• **Work instruction**: Find each line below where the word "left" occurs, and copy it.

[Records excerpted from a collection]
╭──

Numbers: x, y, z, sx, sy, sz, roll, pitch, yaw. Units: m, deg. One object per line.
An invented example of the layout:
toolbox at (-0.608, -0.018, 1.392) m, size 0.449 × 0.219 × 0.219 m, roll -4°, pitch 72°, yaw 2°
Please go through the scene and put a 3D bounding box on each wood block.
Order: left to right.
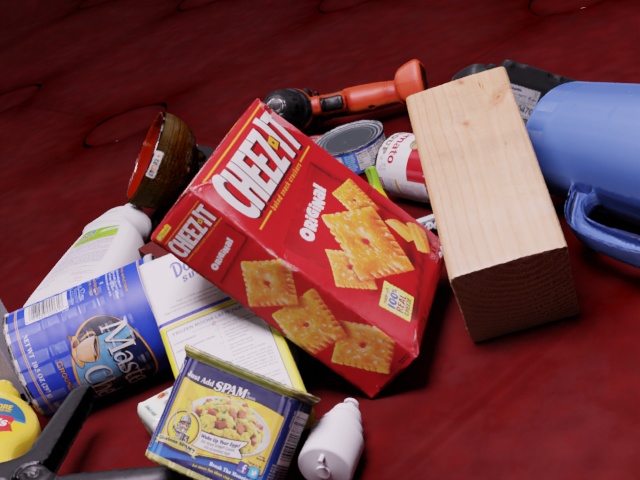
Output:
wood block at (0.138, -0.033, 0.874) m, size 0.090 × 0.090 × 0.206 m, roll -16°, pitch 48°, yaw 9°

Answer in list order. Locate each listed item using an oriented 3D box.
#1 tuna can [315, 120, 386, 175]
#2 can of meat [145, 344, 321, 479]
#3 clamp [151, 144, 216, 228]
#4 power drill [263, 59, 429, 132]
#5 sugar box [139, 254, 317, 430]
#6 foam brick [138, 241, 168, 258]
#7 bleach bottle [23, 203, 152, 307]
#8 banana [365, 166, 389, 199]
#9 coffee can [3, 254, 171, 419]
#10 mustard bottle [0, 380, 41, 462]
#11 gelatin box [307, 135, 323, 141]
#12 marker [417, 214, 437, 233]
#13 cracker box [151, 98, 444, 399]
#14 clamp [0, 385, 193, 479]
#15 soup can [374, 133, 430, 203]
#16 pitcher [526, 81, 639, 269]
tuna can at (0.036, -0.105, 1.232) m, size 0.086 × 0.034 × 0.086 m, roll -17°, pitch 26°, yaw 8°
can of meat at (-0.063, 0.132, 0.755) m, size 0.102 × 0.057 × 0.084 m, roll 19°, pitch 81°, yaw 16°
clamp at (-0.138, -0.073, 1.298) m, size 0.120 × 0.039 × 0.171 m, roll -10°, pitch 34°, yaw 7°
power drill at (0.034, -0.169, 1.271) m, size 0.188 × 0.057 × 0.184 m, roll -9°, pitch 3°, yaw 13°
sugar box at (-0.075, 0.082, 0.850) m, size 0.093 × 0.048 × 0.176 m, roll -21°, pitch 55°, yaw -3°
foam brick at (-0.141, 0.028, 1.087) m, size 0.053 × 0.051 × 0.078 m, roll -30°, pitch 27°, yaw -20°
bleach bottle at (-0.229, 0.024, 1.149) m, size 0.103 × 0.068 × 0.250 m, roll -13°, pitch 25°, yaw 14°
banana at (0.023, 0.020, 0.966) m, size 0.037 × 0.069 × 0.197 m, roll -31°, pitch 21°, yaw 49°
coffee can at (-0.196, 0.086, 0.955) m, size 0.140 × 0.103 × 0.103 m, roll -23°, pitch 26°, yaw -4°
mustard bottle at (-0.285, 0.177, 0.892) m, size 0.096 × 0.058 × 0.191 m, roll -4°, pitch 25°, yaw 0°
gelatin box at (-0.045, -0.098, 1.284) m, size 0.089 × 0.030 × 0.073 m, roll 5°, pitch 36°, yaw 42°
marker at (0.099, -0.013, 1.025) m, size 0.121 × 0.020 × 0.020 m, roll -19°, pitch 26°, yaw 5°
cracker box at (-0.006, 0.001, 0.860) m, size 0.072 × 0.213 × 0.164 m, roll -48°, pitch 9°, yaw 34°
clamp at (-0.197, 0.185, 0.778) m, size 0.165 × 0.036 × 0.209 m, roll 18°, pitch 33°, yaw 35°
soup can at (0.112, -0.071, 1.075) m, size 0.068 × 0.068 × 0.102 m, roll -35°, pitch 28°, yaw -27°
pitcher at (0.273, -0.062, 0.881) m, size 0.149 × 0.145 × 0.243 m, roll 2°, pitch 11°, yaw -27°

╰──
╭──

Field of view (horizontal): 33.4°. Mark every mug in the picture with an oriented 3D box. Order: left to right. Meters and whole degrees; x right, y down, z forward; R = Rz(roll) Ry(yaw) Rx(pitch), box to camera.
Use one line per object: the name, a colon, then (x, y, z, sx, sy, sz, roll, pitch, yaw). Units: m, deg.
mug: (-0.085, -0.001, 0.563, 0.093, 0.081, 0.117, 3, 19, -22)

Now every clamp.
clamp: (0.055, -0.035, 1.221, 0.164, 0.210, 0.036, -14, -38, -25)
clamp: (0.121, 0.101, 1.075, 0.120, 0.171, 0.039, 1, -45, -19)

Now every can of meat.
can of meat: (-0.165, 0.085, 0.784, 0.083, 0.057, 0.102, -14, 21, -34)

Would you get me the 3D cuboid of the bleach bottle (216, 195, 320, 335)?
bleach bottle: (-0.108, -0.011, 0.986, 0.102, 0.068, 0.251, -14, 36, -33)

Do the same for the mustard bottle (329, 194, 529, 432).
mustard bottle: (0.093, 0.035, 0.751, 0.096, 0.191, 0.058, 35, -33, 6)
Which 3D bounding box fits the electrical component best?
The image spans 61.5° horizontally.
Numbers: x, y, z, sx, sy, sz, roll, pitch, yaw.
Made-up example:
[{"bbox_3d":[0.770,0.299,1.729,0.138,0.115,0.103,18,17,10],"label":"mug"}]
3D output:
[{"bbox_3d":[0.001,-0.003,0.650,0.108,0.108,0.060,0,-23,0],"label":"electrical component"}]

╰──
╭──

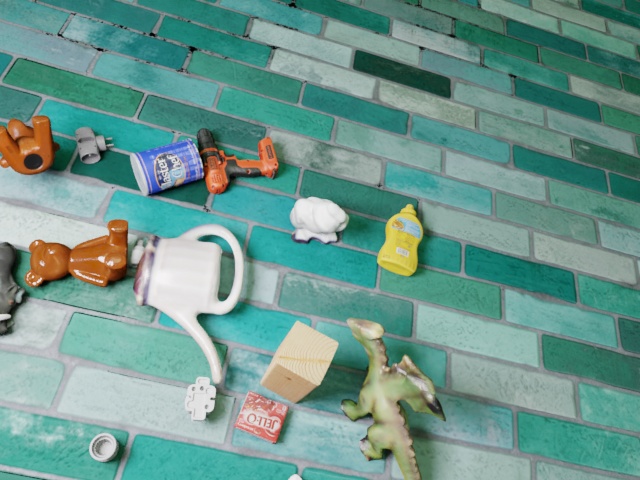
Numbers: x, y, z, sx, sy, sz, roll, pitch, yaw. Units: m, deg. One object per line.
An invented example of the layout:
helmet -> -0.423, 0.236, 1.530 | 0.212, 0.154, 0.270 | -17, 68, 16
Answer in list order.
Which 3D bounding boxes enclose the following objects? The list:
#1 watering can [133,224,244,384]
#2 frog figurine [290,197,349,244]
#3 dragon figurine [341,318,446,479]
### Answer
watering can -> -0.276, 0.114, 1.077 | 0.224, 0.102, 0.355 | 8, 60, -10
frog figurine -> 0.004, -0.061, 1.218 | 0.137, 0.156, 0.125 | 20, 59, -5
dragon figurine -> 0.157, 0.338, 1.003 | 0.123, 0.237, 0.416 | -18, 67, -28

╰──

• **Task output**:
Order: left to right.
Field of view (horizontal): 33.4°. Mark every mug in the picture with an oriented 3D box. Order: left to right. Meters and whole degrees; x right, y down, z forward; R = Rz(roll) Ry(yaw) Rx(pitch), box to camera.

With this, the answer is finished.